ORDER
G. D. Agrawal, Accountant Member
1. This appeal by the Revenue is directed against the order of the Commissioner of Income-tax (Appeals), Jabalpur who cancelled a penalty of Rs. 2,85,000 levied by the Assessing Officer under section 271(1)(c) of the Income-tax Act, 1961.
2. The facts of the case are that search and seizure operations took place in the residential and business premises of the assessee on 25-4-1989. During the course of search operation pawned silver and gold ornaments, books of account, loose papers and other documents were found and seized. The assessee has filed a return declaring taxable income of Rs. 3,88,542 and agricultural income of Rs. 30,000. The income disclosed by the assessee included a sum of Rs. 3,77,475 in respect of investment in pawned articles. The Assessing Officer completed the assessment at Rs. 5,50,460, which on appeal was reduced to Rs. 3,90,460. The Assessing Officer levied a penalty of Rs. 2,85,000 under section 271(1)(c) of the Income-tax Act, 1961. The penalty was levied by invoking the Explanation 5 to the section 271(1)(c) of the Income-tax Act.
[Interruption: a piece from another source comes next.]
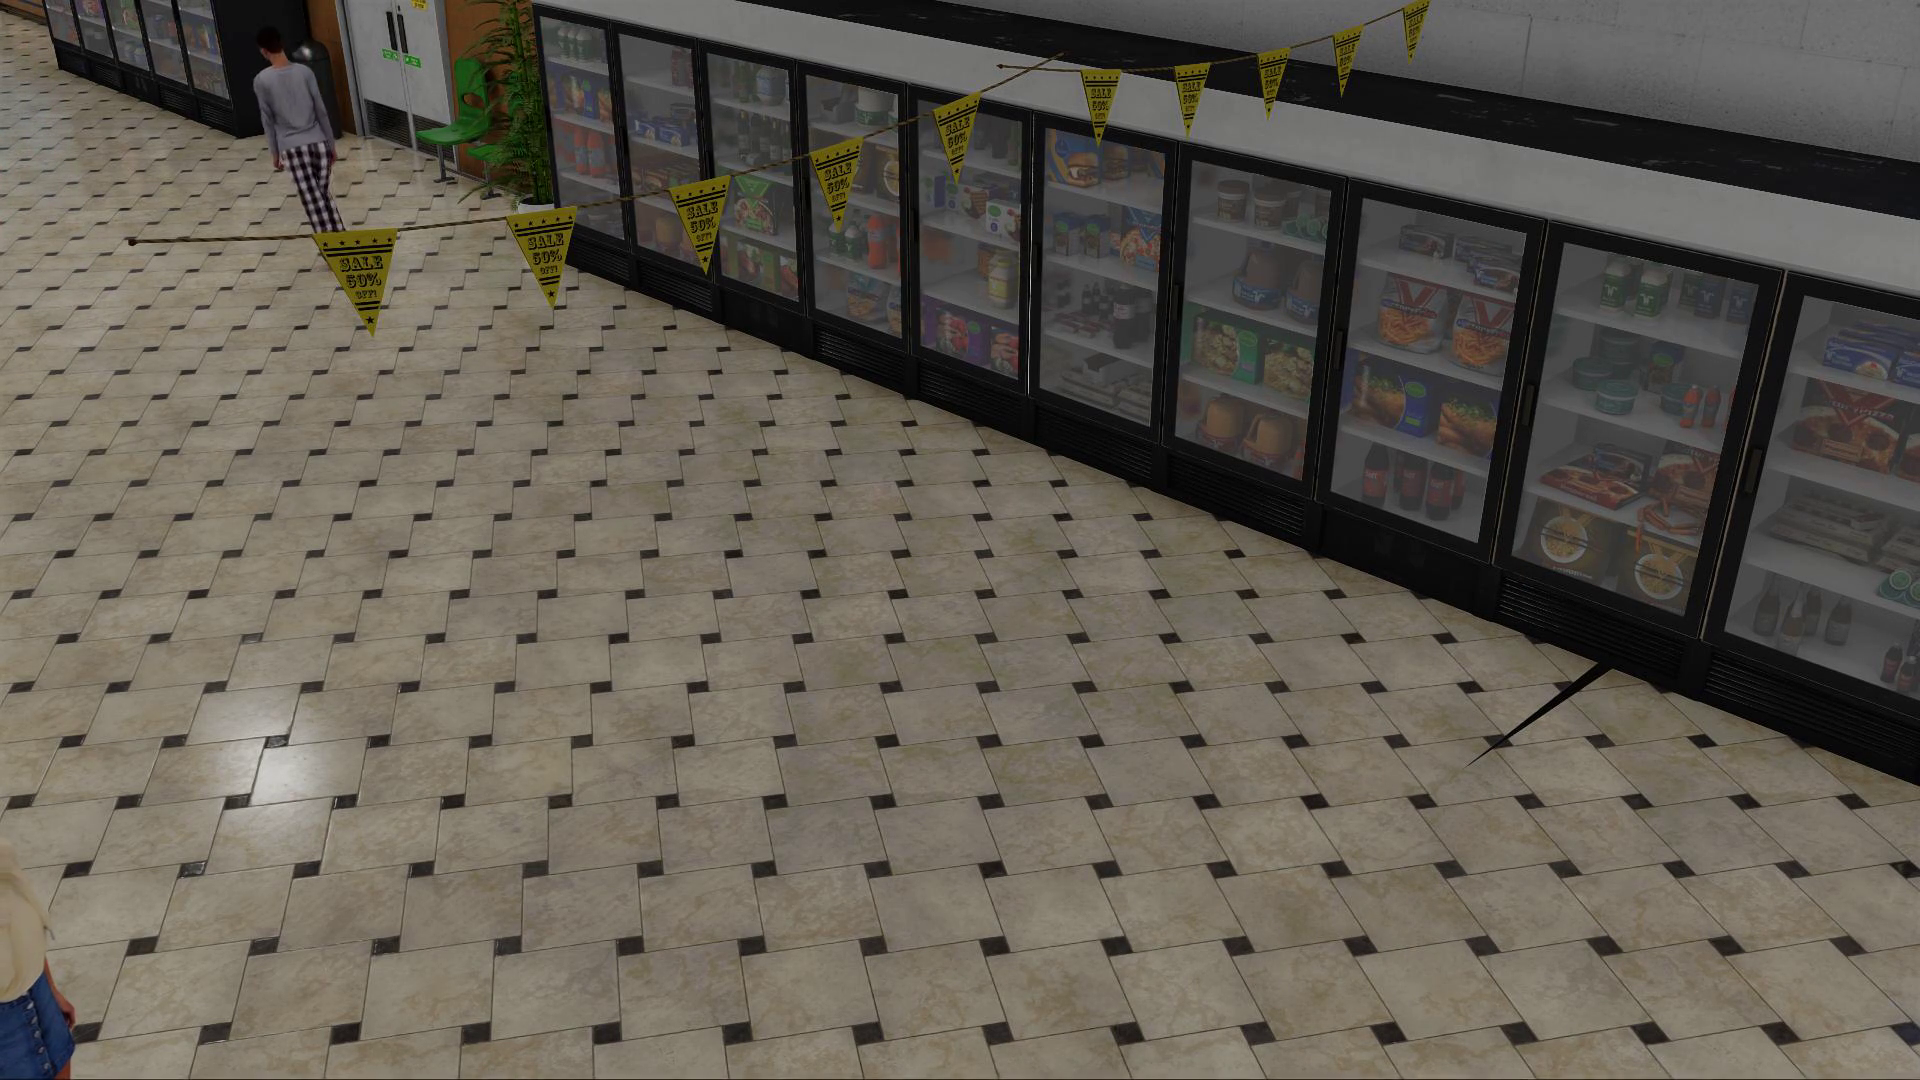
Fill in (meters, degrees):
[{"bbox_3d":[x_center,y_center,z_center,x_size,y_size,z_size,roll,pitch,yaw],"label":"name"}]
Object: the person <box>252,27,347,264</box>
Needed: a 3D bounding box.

3. On appeal, the CIT(Appeals) cancelled the penalty. Hence this appeal by the Revenue.
4. At the time of hearing before us the learned Departmental Representative submitted that though the assessee has maintained a Girvi Register, the investment as per the Girvi Register works out to Rs. 5,53,475 and the assessee has offered only Rs. 3,77,475 as his income. He submitted that when the assessee himself has not relied upon books of account in toto he cannot claim the benefit of exceptions provided in Explanation 5. He further submitted that the books of account maintained by the assessee is not fully reliable. The assessee can get the benefit of exceptions provided in Explanation 5 only if the books of account are maintained in a methodical and proper manner from which the profit of the assessee can be deduced correctly.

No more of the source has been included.